In Variety, Anne Thompson says we can expect to see Werner Herzog’s Antarctica documentary Encounters at the End of the World, Cannes winner 4 Months, 3 Weeks and 2 Days, Julian Schnabel’s The Diving Bell and the Butterfly, Margot at the Wedding, I’m Not There, Rails & Ties (directed by Allison Eastwood and starring Kevin Bacon and Marcia Gay Harden) and Tamara Jenkins’ The Savages, which premiered at Sundance and which stars Philip Seymour Hoffman and Laura Linney. I’m speculating that if Schnabel’s going to make the trip up the mountain with the French-language drama Butterfly, he might also bring along his Lou Reed concert film, which is scheduled to debut at Toronto.
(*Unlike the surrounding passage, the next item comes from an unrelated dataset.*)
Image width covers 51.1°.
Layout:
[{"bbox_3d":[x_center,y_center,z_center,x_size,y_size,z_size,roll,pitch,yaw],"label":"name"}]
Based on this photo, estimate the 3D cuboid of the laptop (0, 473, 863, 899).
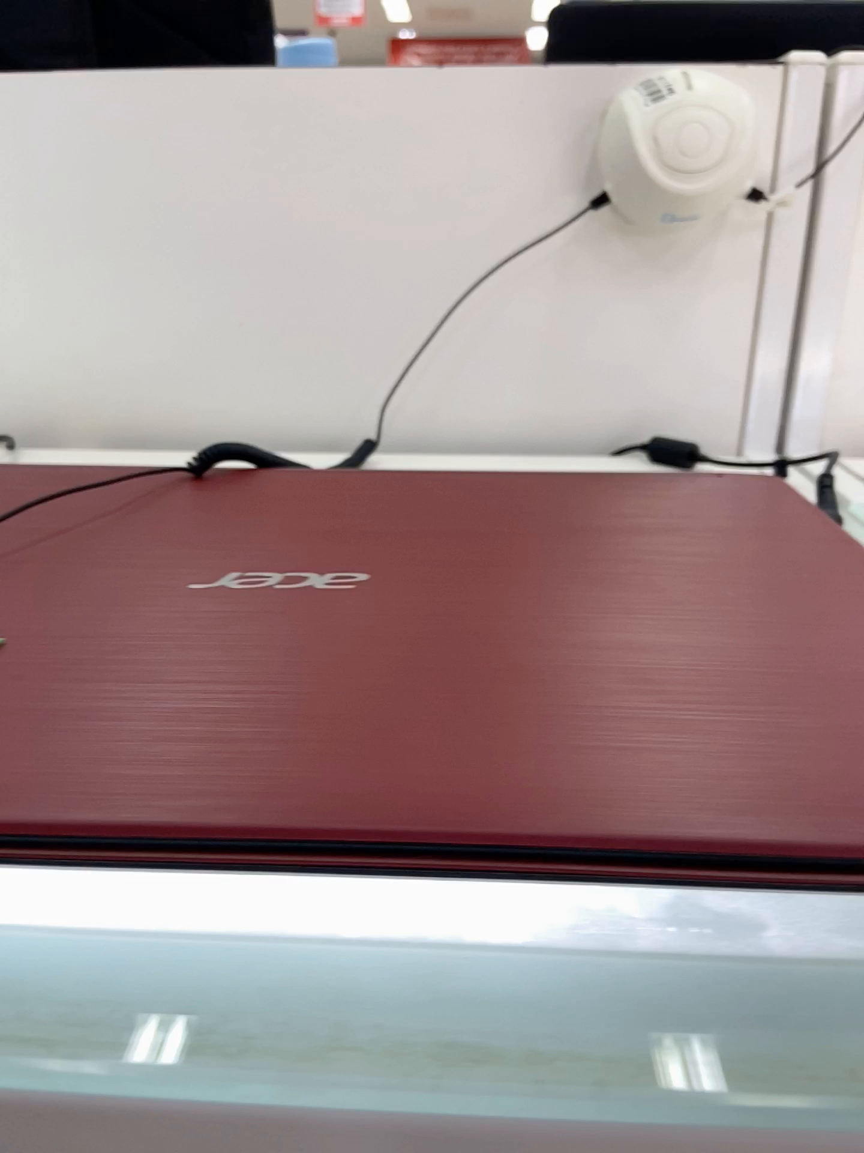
[{"bbox_3d":[-0.043,0.004,0.289,0.367,0.006,0.263,1,20,3],"label":"laptop"}]

Most enticingly, Thompson also says we can expect some “early footage” from There Will Be Blood, Paul Thomas Anderson’s long-awaited Upton Sinclair adaptation, starring Daniel Day-Lewis. Both Jeff Wells and Bill Husted of the Denver Post say Telluride’s planning a major tribute to Day Lewis. The latter indicates the tribute will include a full screening of Blood; the former says the film isn’t ready and speculates that if “a longish Blood reel is shown, it will be like those product-reel showings of Gangs of New York, Lord of the Rings and World Trade Center at Cannes, and therefore the first time that Telluride — the most pure-minded, far- from-the-madding-crowd film festival around — will have screened a portion of a film solely to spread word-of-mouth to benefit a distributor.”

So that’s one of the festival’s expected three major tributes; according to SF360, the second tribute slot will be filled by Indian filmmaker Shyam Benegal. SF360 also predicts that Bruce Conner will be the subject of a planned “salute to a Bay Area experimental filmmaker” curated by Edith Kramer.

Back at the Denver Post, Husted says we can also expect screenings of Into the Wild, directed by Sean Penn; and a reformatted print of Richard Lester’s second Beatles flick, Help!

This Times of India interview with Bollywood star Tannishtha Chatterjee says the actress will be on hand in Telluride for a screening of Brick Lane, directed by Sarah Gavron.

Total speculation: the last time a Michael Moore film played fall festivals, it began its run at Telluride. Moore’s Captain Mike Across America is set to debut at Toronto, so I wouldn’t be surprised to see it on the Telluride schedule.